● **Work to complete**: An exact transcription of the entries is required, with no images included.

● **Dataset records**:
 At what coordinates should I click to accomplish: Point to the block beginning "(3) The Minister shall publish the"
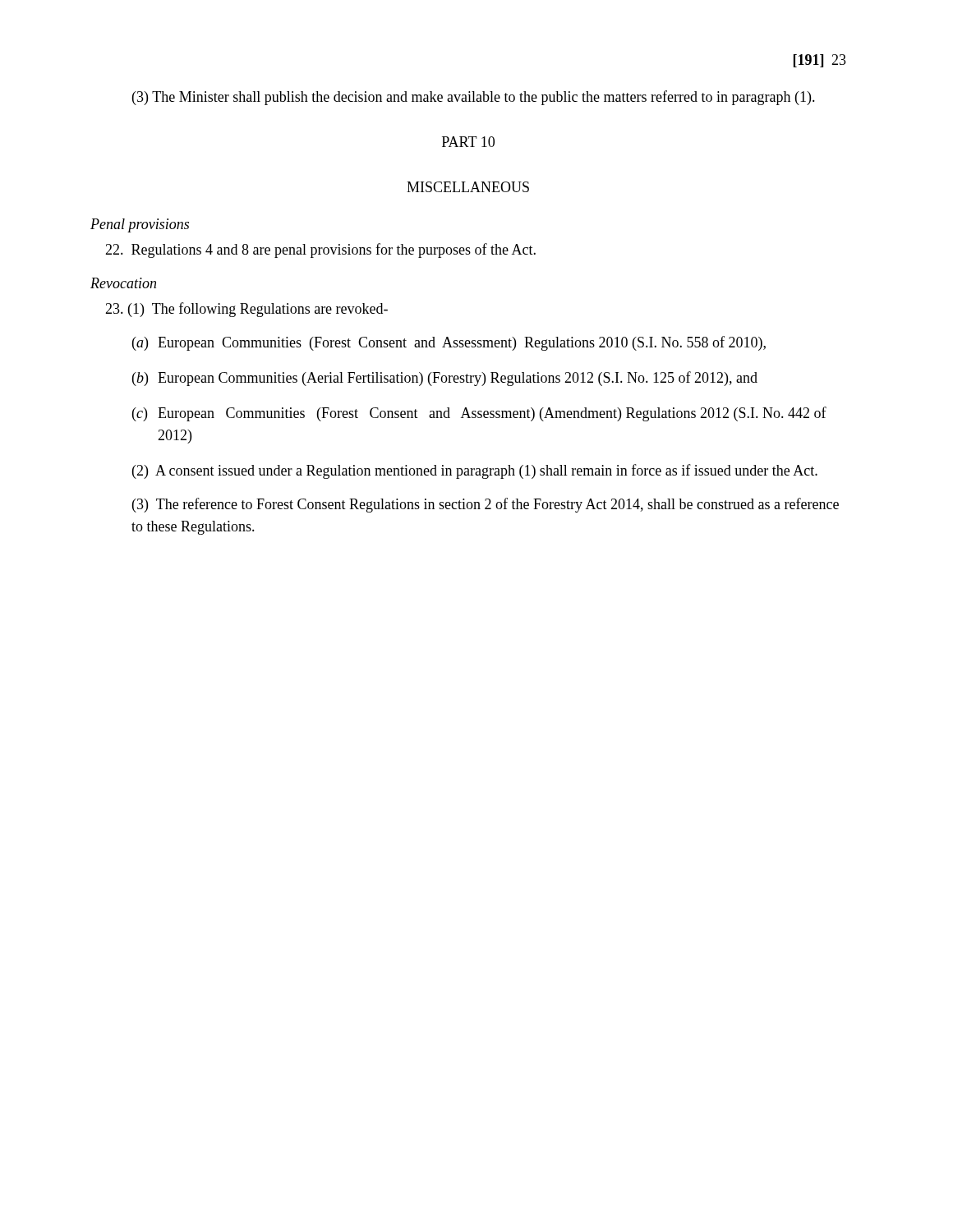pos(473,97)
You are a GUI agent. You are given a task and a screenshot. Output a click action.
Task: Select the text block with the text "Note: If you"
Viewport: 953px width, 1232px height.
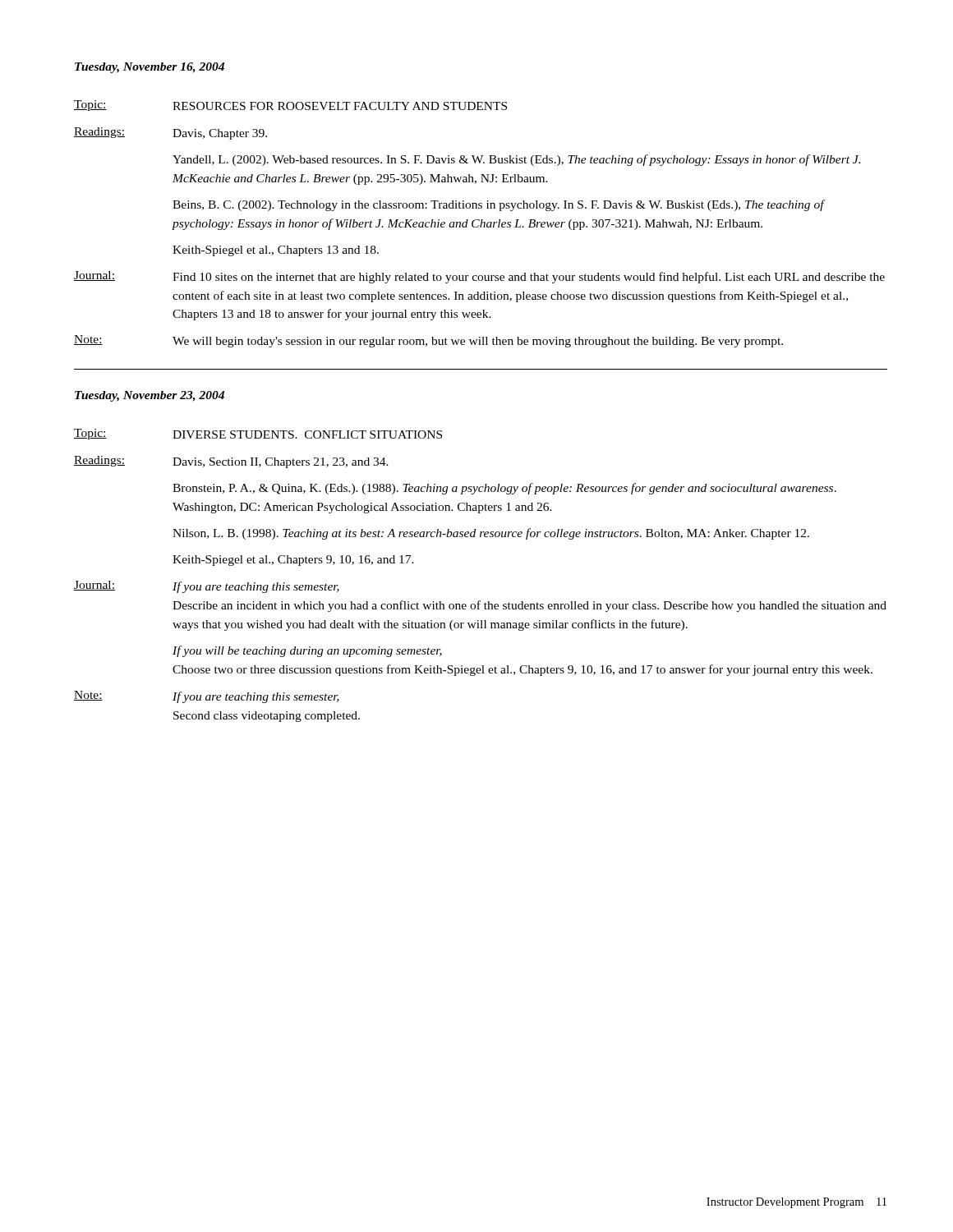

● **Solution to the problem**:
 At what coordinates should I click to accomplish: Point to the block beginning "(3) The Minister shall publish the"
pos(473,97)
You are a GUI agent. You are given a task and a screenshot. Output a click action.
Task: Select the text block with the text "Note: If you"
Viewport: 953px width, 1232px height.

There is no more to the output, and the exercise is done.